Конечно же, идея была не безупречна и вызывала вопросы, способные, при въедливом рассмотрении, погубить всякий энтузиазм. Слишком многое оставалось за скобками, в том числе и следующий шаг, который должен быть сделан, когда «среда» достигнет зрелости. Даже и с шагом нынешним было ясно далеко не все, но медлить не стоило. Никто не знал, сколько кирпичиков должно быть уложено в фундамент, чтобы создать критическую массу, и Фролов, надеясь на лучшее, решил, что настало время действовать, а не размышлять. Он стал листать энциклопедии и справочники, прислушиваться и смотреть по сторонам, отбирая, где только можно, чужие мысли, достойные рассмотрения. Он вычитывал их, подслушивал и чуть ли не воровал, хранил в памяти, зазубривал наизусть, пока не оказывался у себя дома, где наконец заносил их, непременно перьевой ручкой, в специальный гроссбух, насчитывающий уже два десятка тетрадей.
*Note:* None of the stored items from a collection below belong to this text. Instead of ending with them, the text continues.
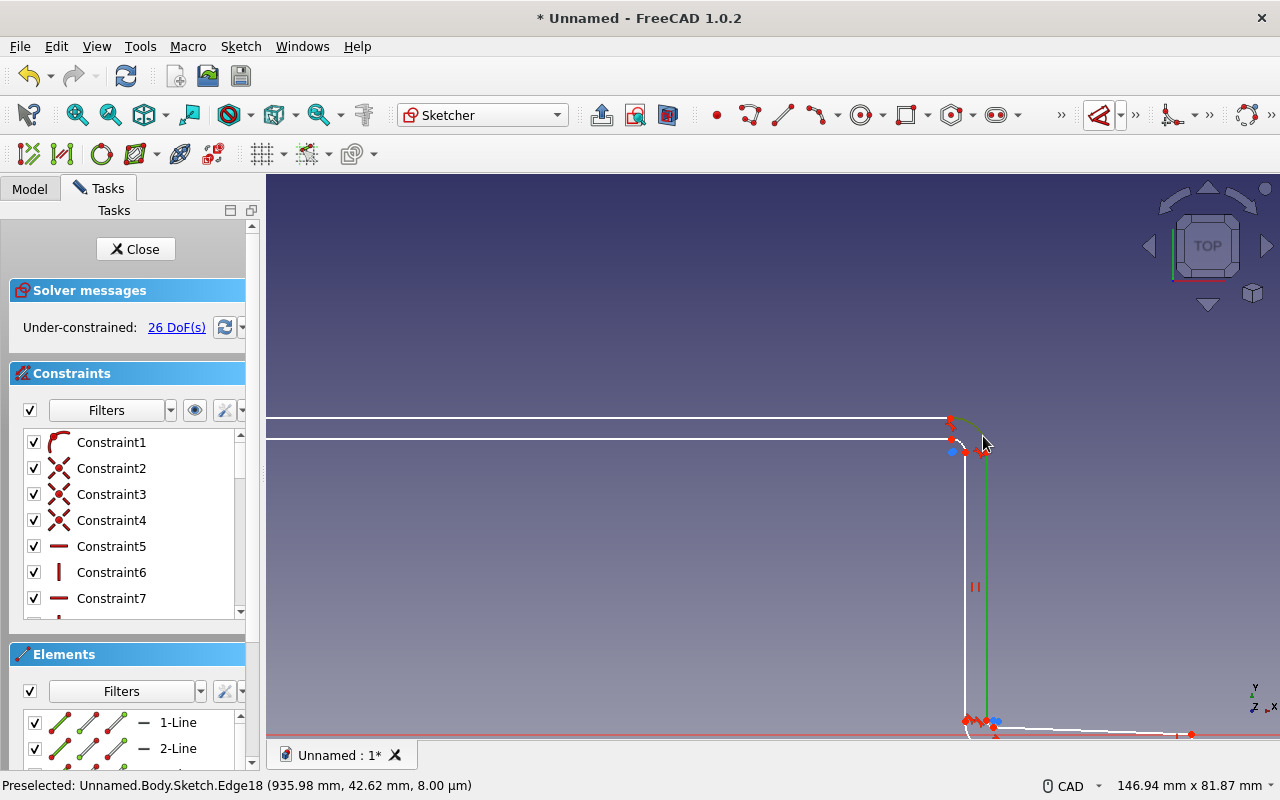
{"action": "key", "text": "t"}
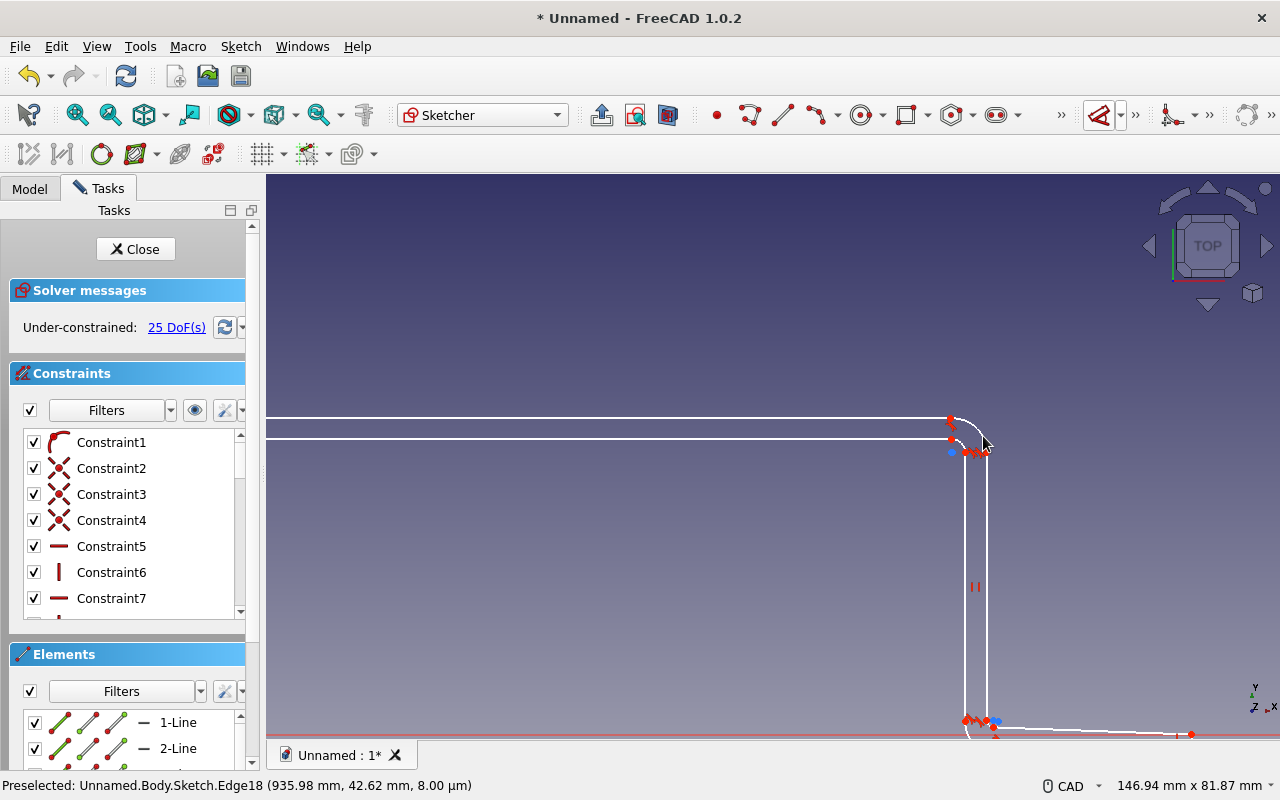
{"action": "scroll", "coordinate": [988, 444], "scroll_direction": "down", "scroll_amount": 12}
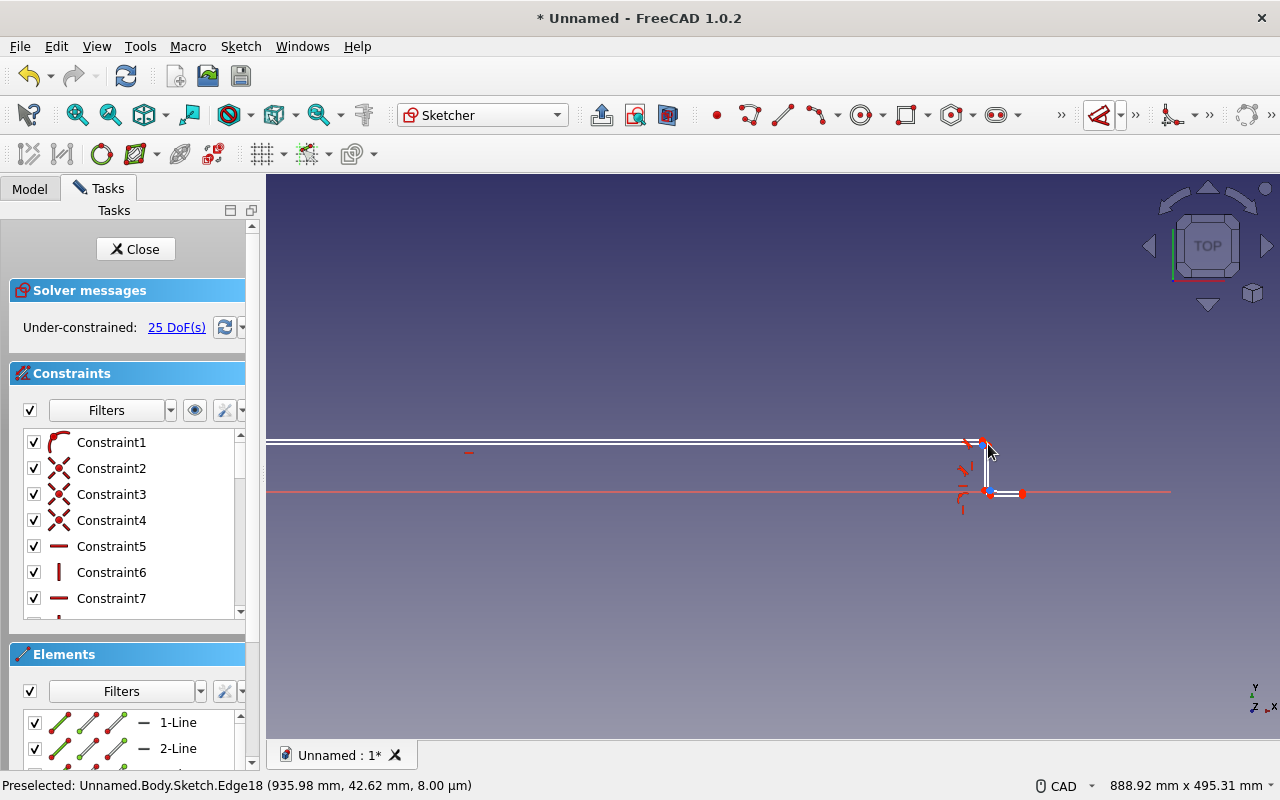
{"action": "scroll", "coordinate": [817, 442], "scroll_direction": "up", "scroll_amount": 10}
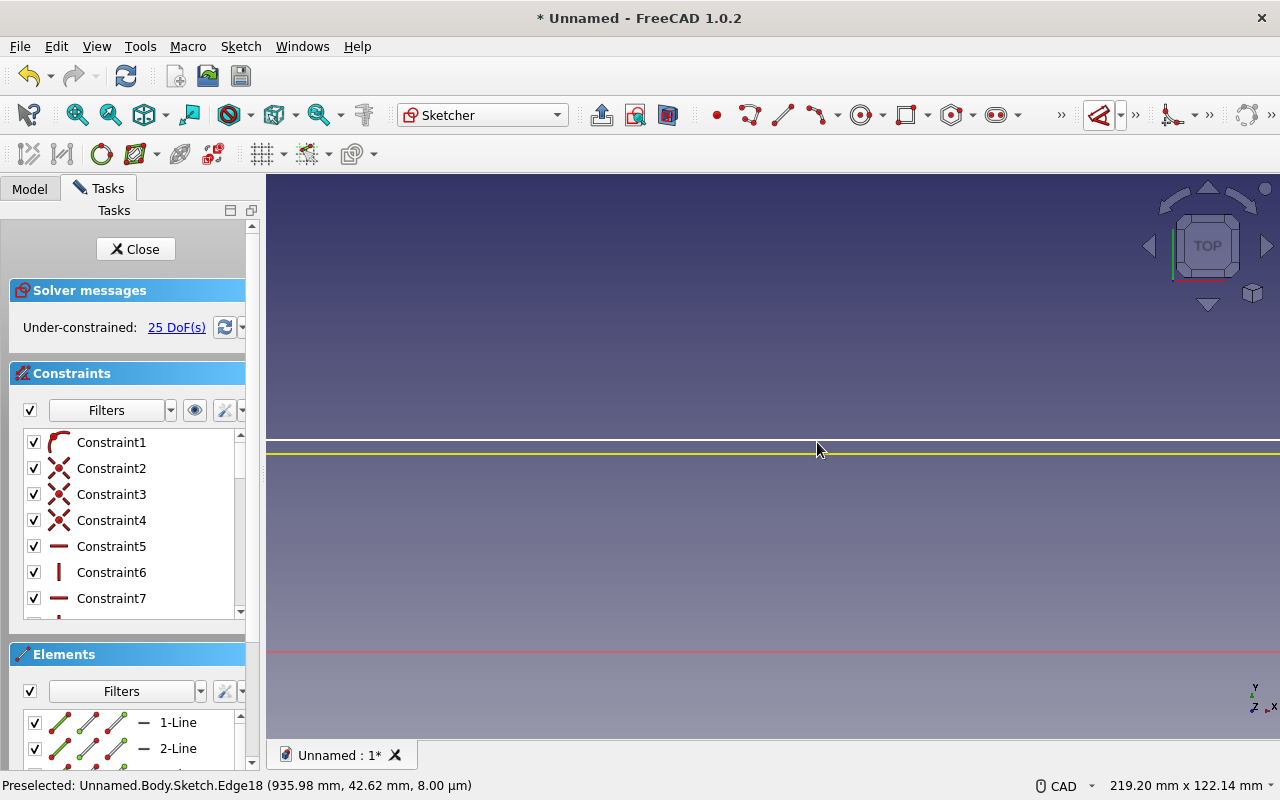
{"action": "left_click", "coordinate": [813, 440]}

Это успокаивало и обнадеживало само по себе. Ему вообще нравился вид чернильных строк на белой бумаге. Пухлые тетради, сложенные в стопки, давали ощущение наглядно растущего объема, и, глядя на них, он всякий раз убеждался, что не бездействует и не стоит на месте. Насколько же хорош окажется итог, всегда трудно судить заранее – многие мысли казались ему странны или своевольны чересчур. Иные из них повторяли друг друга или даже противоречили одна другой, но Александр относился к этому терпимо и фиксировал их без искажений, считая, что неосторожное вмешательство способно лишь навредить. О самих же тетрадях он заботился со всем тщанием: укрывал их от пыли специальным чехлом, отмечал закладками месяцы и годы, а для каждой уловленной мысли тщательно указывал ее источник – с педантичной основательностью, достойной бухгалтера или чистокровного немца.
Основательность имела, впрочем, вовсе не бюргерские корни – дед Александра, Фрол Фролов, сын, в свою очередь, другого Фрола, был из зажиточных уральских кулаков. Он не ладил с советской властью, несколько раз бывал раскулачен, но вновь поднимался и обзаводился хозяйством – на зависть революционно настроенной голытьбе. В последний раз у него отобрали все в самом начале тридцатых, отправив вместе с женой, беременной отцом Александра, строить завод Уралмаш. Была стужа, был голод и непосильный труд, но они выжили и родили ребенка, а через год Фрол сбежал назад в деревню, где снова выстроил дом и начал богатеть. Больше его не трогали по какому-то недосмотру, он не прятался и не скрывал благополучия, ездил поздней осенью отдыхать в Сочи, а еще – любил читать Достоевского скучными зимними вечерами.
Словом, фамилию Фроловых дед продолжал достойно, но на нем природа решила остановиться и даже несколько повернуть вспять. Дело, быть может, было в неосторожно выбранных именах, но дети Фрола получились куда плоше его самого, и лучшим из них был отец Александра, тоже названный Александром по горячему настоянию матушки. Он рос задумчивым и тихим, потом, повзрослев, уехал из деревни в Свердловск, женившись там на учительнице французского, а Достоевскому предпочитал Чехова, перечитывая одни и те же рассказы по многу раз. Сам же Александр Александрович, кроме аккуратности в размещении закладок, вообще мало что унаследовал от деда, хоть был, как и тот, статен и широк в плечах, пусть и не очень высок ростом. К плечам, однако, прилагались впалые щеки и заостренный подбородок русского интеллигента, выразительные глаза казались посажены слишком близко, а в юности он был слаб здоровьем и вообще склонен к рефлексии, что для Фроловых было неслыханным делом.